I think that constantly fulfilling expectations of others and also, reaching for and clinging to people and things that you understandably see as a piece of who you are can be very tiring, especially when you are effectively trying to maintain a version of yourself set to meet demands and rules that others have created.

I think that being tired from living that way is pretty natural and I'm glad you are gradually shedding that old self and building anew.

Alix@IN2LProds's avatar

I had to pause and process your piece as I read it, especially that one part:

'My entire life, I kept gaslighting myself while remaining naïve toward others... each relationship that failed to meet my expectations was, in part, a result of my own self-deception.'

That really hit home. I finally get what you meant by 'lucid dreaming in waking life'-walking into a world that only responds to your own thoughts, meeting people who are more vivid in your imagination than in reality. It’s that familiar cycle of playing by your own internal rules while feeling like the fault lies with others.

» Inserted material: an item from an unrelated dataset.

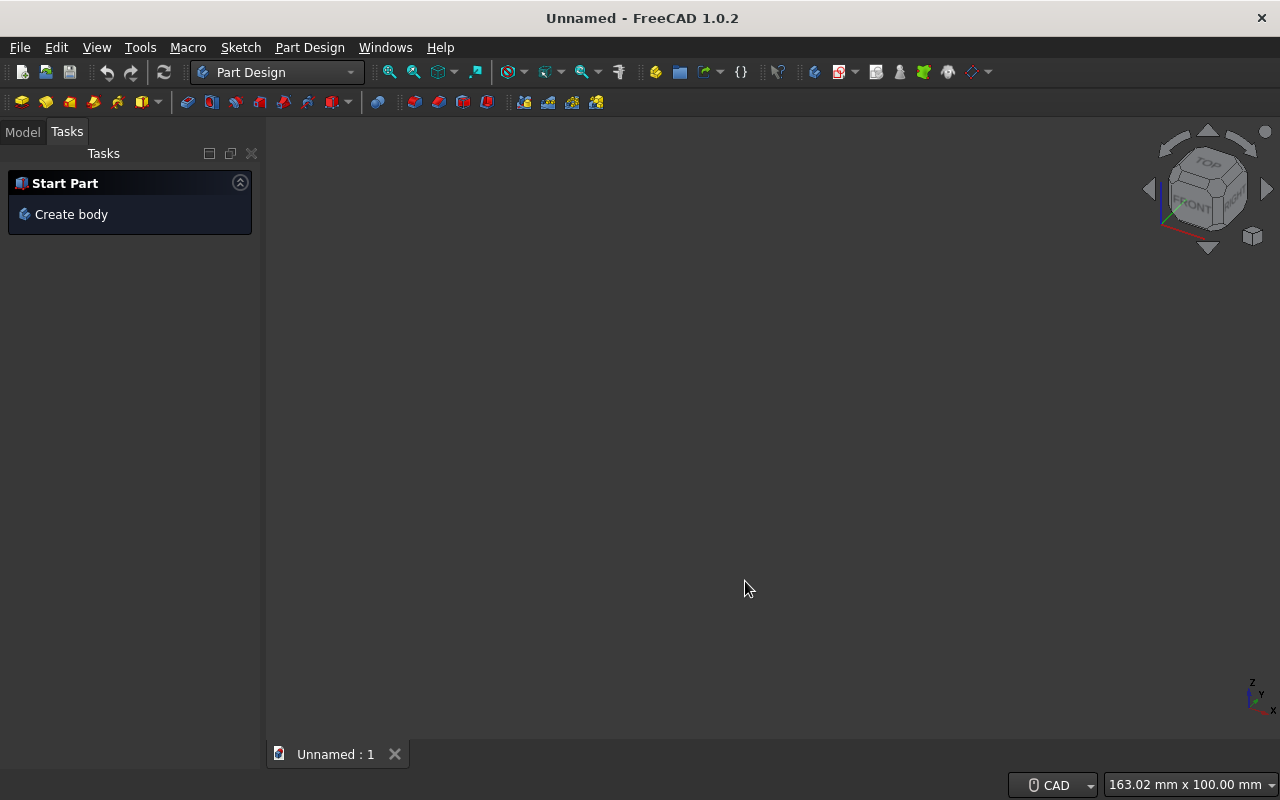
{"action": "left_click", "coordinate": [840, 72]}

Overall, the piece feels like a gradual slowing down, a process of stripping away the performative self. It’s not a breakdown or a sudden epiphany; it’s more like the old self is dissolving to let something new emerge.

You’ve laid out the pain, the loss, the depression, and even the procrastination, but there’s a underlying calm to it. It’s as if you’re saying: stopping and letting go of the illusion is, in itself, a form of strength and a form of truth.